Exercise -
Every line in the data below that has the word "size" should be returned.
::: Records shown :::
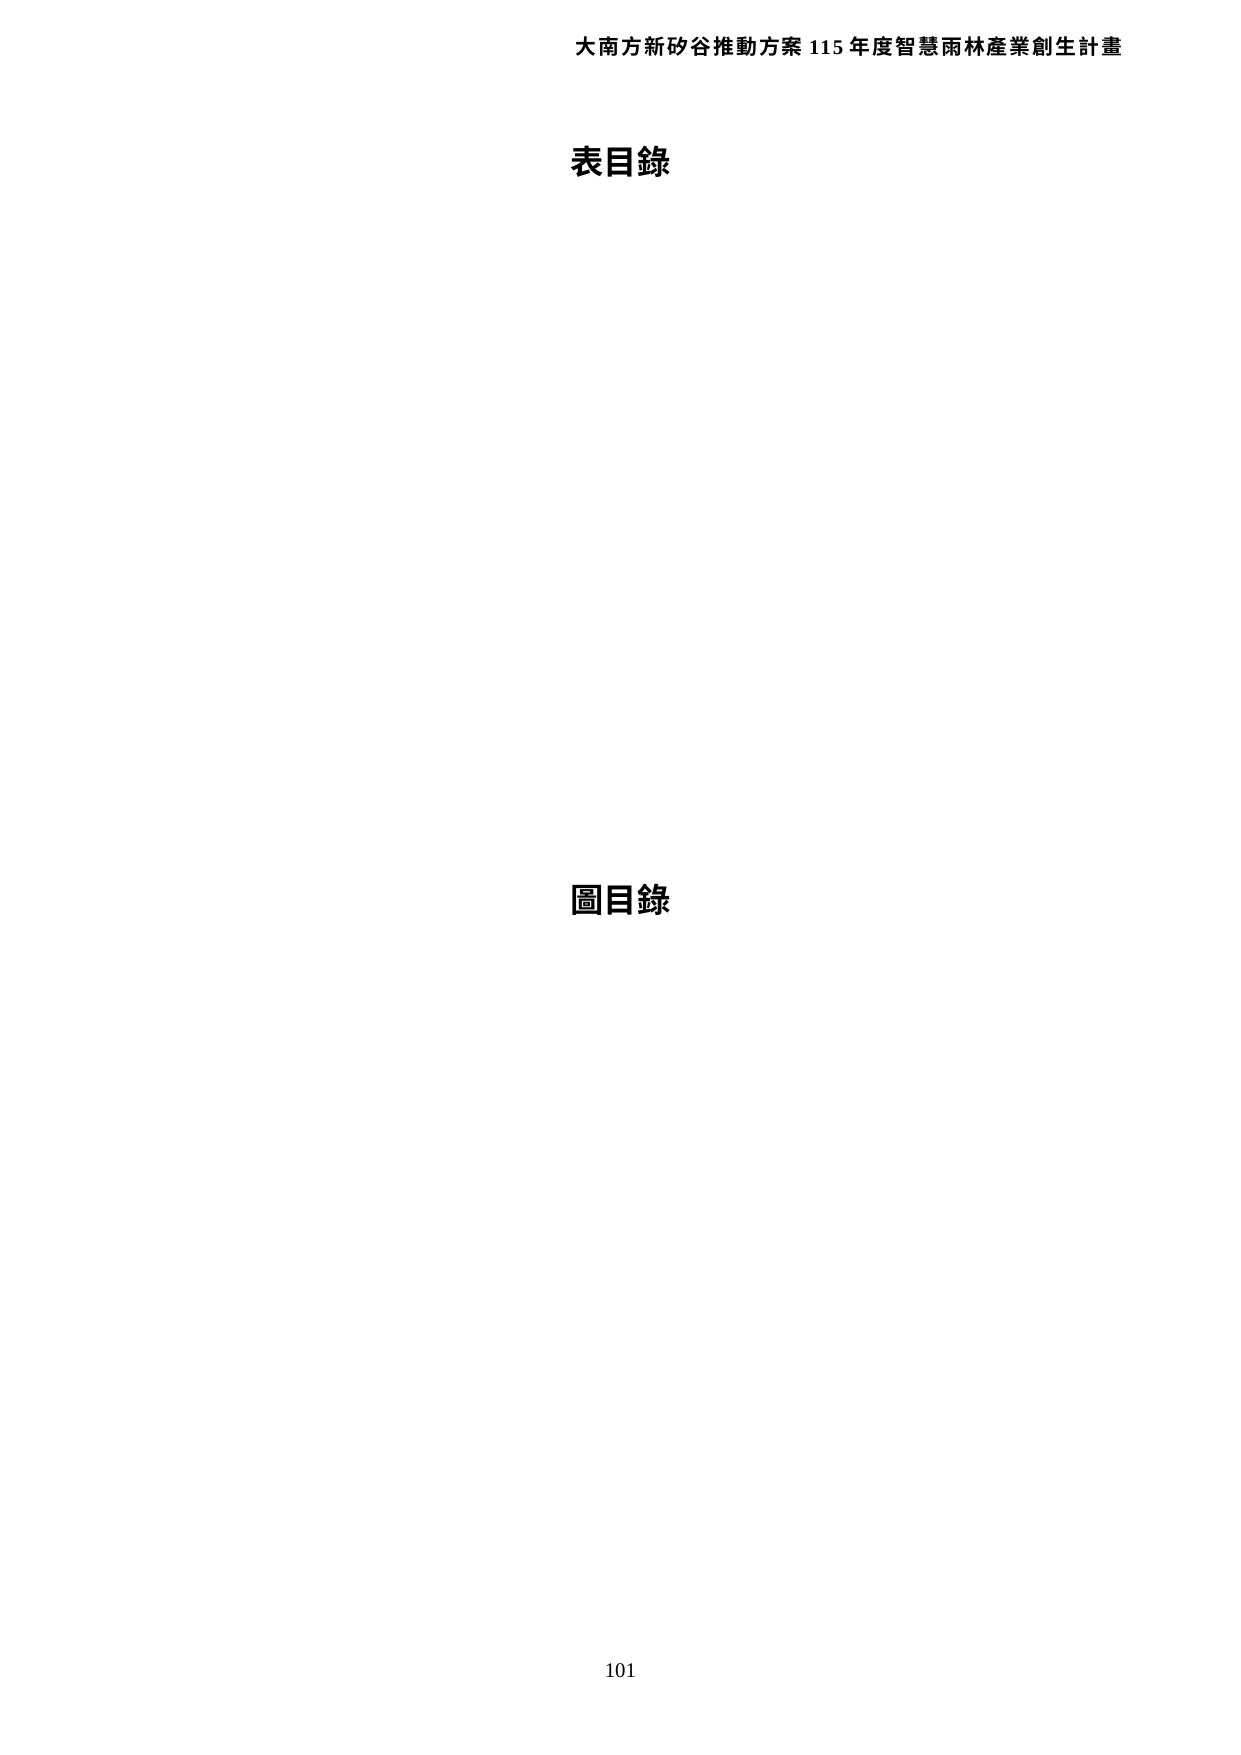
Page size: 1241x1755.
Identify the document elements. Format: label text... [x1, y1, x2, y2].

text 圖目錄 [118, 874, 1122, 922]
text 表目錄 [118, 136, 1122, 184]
:::
::: Records shown :::
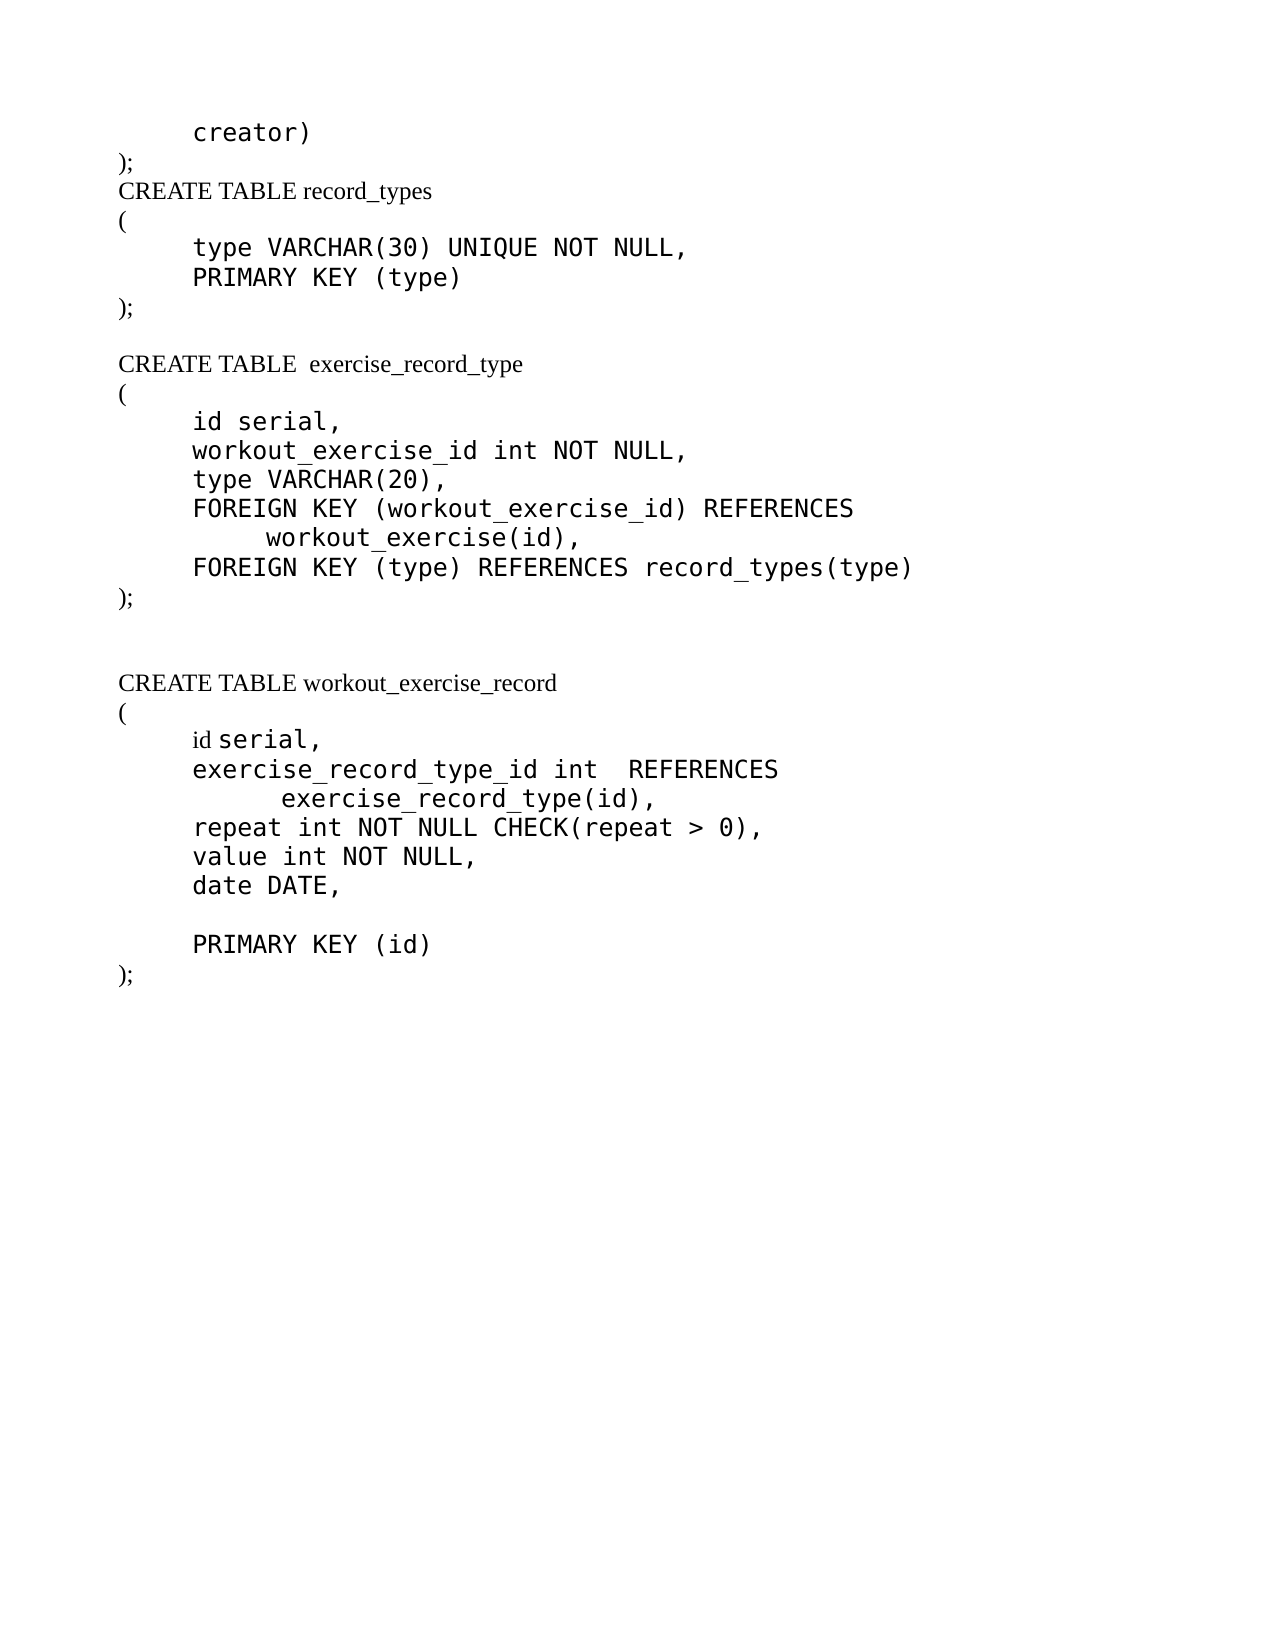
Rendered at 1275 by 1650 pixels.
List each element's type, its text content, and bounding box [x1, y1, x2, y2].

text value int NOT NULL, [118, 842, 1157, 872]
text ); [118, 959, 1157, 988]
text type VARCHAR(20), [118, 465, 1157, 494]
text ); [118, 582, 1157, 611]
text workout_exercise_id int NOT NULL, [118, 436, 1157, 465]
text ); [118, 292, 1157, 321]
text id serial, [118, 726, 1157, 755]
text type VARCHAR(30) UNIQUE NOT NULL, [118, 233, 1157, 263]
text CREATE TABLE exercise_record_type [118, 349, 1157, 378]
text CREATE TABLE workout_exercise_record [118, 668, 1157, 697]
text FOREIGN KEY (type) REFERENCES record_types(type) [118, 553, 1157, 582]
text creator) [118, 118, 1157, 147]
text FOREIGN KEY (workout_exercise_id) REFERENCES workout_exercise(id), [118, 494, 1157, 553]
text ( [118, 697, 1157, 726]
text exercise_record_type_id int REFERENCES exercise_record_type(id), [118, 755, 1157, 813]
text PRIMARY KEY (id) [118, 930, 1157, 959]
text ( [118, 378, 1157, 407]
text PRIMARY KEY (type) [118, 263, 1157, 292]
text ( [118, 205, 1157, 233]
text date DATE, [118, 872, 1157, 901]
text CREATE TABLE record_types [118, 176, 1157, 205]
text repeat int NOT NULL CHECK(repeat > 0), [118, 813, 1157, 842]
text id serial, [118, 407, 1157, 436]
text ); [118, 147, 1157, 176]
:::
::: Records shown :::
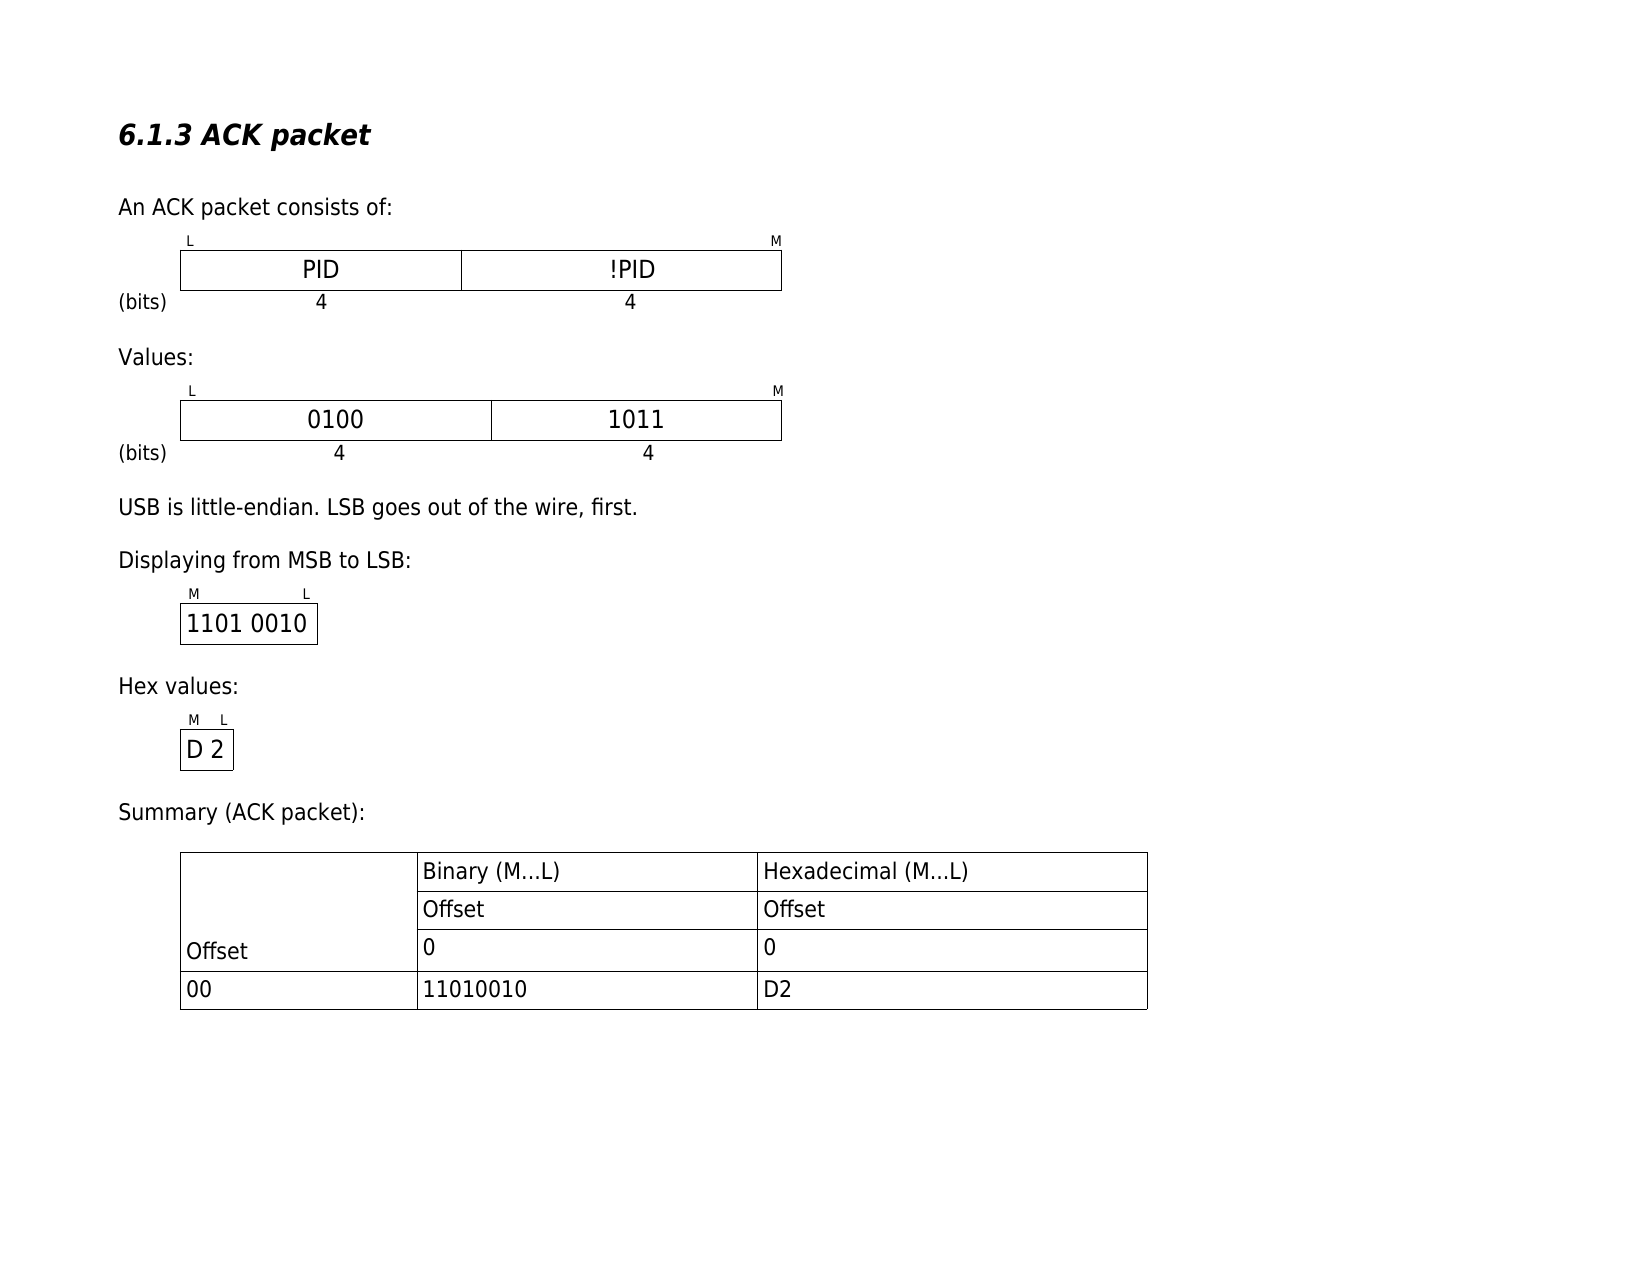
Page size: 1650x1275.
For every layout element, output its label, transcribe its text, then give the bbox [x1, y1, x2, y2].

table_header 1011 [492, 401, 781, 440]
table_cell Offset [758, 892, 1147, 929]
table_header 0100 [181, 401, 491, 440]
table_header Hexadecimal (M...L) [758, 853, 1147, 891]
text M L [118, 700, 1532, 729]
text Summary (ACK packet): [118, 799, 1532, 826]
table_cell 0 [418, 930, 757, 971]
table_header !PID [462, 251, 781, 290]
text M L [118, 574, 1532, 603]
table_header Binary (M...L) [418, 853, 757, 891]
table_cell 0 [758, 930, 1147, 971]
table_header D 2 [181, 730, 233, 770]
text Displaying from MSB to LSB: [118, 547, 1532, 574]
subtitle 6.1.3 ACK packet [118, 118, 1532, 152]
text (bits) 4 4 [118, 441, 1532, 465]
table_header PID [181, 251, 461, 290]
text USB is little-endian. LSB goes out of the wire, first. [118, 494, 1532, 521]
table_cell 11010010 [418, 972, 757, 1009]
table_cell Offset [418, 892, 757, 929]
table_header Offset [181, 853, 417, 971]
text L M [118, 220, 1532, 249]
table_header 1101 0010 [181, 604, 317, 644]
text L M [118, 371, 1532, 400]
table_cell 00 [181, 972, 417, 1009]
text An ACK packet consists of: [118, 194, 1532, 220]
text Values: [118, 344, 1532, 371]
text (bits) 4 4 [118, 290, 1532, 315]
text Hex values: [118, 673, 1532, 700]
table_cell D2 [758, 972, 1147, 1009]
:::
Result of the exercise -
Page size: 1241x1755.
Page size: 1650x1275.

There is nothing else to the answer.